We generated DNA methylation data using the custom Illumina chip (HorvathMammalMethylChip4075). The mammalian methylation array provides high coverage (over thousand-fold) of highly conserved CpGs in mammals but focuses only on 36k CpGs that are highly conserved across mammals. Out of 37,492 CpGs on the array, 35,988 probes were chosen to assess cytosine DNA methylation levels in mammalian species75. The particular subset of species for each probe is provided in the chip manifest file can be found at Gene Expression Omnibus (GEO) at NCBI as platform GPL28271. The SeSaMe normalization method was used to define beta values for each probe76.
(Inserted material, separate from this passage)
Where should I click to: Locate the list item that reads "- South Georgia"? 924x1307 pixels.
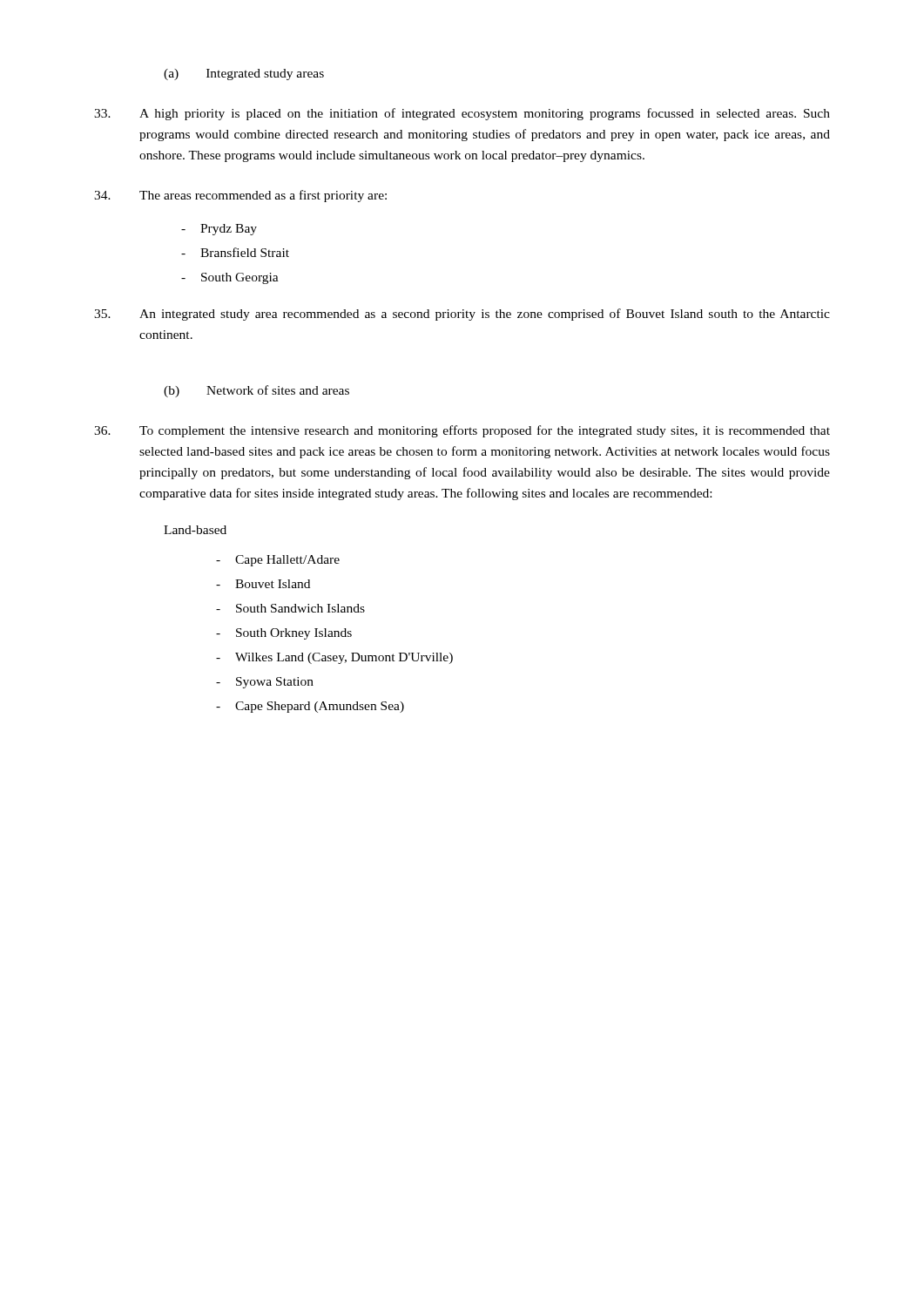tap(230, 278)
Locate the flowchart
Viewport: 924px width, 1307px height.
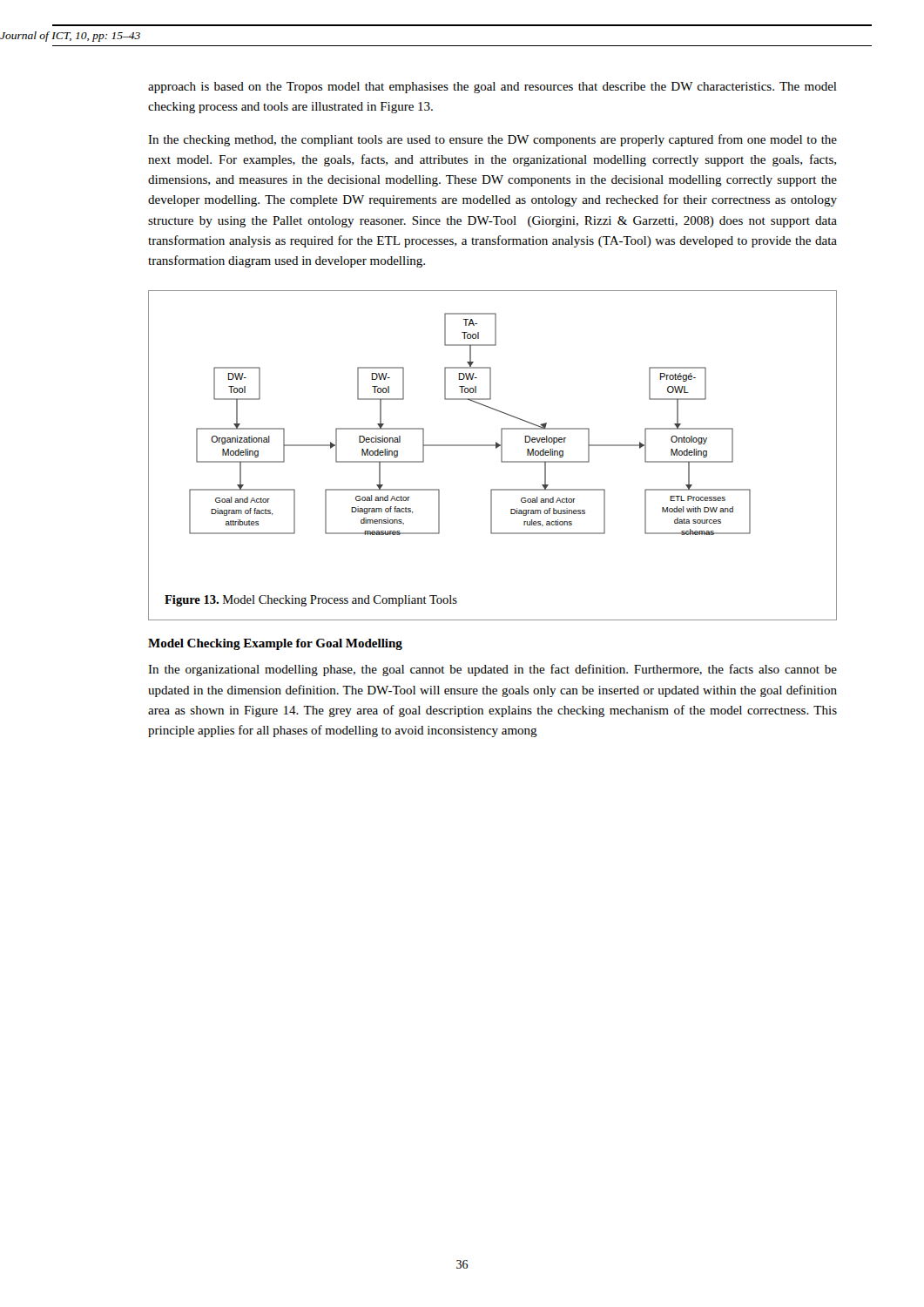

Clocks and penalized regression

Penalized regression models were implemented with the R software package, glmnet77. We investigated models produced using “LASSO” regression techniques (α = 1). The optimal penalty parameters in all cases were determined automatically by using a 10-fold internal cross-validation (cv.glmnet) on the training set. α = 1/2 corresponds to the elastic net penalty that penalizes the coefficients based on their magnitude. We performed two cross-validation schemes for arriving at unbiased estimates of the accuracy of the different DNAm aging clocks. These cross-validation schemes were as follows: (1) Leave One Sample Out Cross Validation (LOOCV) which is based on previously reported methods;78,79 and (2) Leave One Species Out Cross-Validation (LOSOCV), which is a modification of LOOCV that is applied to species instead of individual samples as described in the following. The LOOCV does the following for each of the N samples: delete the one sample from the training set; fit the clock on the training set with (N−1) samples; predict the DNAm age of the deleted sample with the fitted clock. Therefore, the LOOCV allows one to estimate the accuracy of each individual from all species that were included in the training set. By contrast, the LOSOCV iteratively deletes all samples from one species from the training set and then predicts the age of each individual of the species that was removed from the training set. This procedure estimates the accuracy of the OEAC at determining the age of an animal from an odontocete species that was not used for model development. The cross validation study reports unbiased estimates of the age correlation r (defined as Pearson correlation between the DNAm age estimate and chronological age) as well as the median absolute error (MAE). For the odontocete clock, we used a log-linear transformation that explicitly depended on the species characteristics (average age of sexual maturity and gestation time (in years) of the respective species, Supplementary Methods, Supplementary Table 1). The accuracy of the resulting clocks was assessed via the cross validation estimates of: (1) the correlation r between the predicted epigenetic age and the actual (chronological) age of the animal; and (2) the median absolute error (MAE) between DNAm age and chronological age.

Statistics and reproducibility

Data collection, and statistical analysis are described in Methods section. All statistical analysis for clock development used R Software (ver 4.0.2)80. Relevant R codes for the clock development are provided (Supplementary Data File 2). Penalized regression models were implemented with the R software package “glmnet”77 and R functions cv.glmnet, predict.glmnet, etc. Data transformations used within regression models are described in Supplementary Information File (Supplementary Methods 1 and Supplementary Table 1).

Reporting summary

Further information on research design is available in the Nature Research Reporting Summary linked to this article.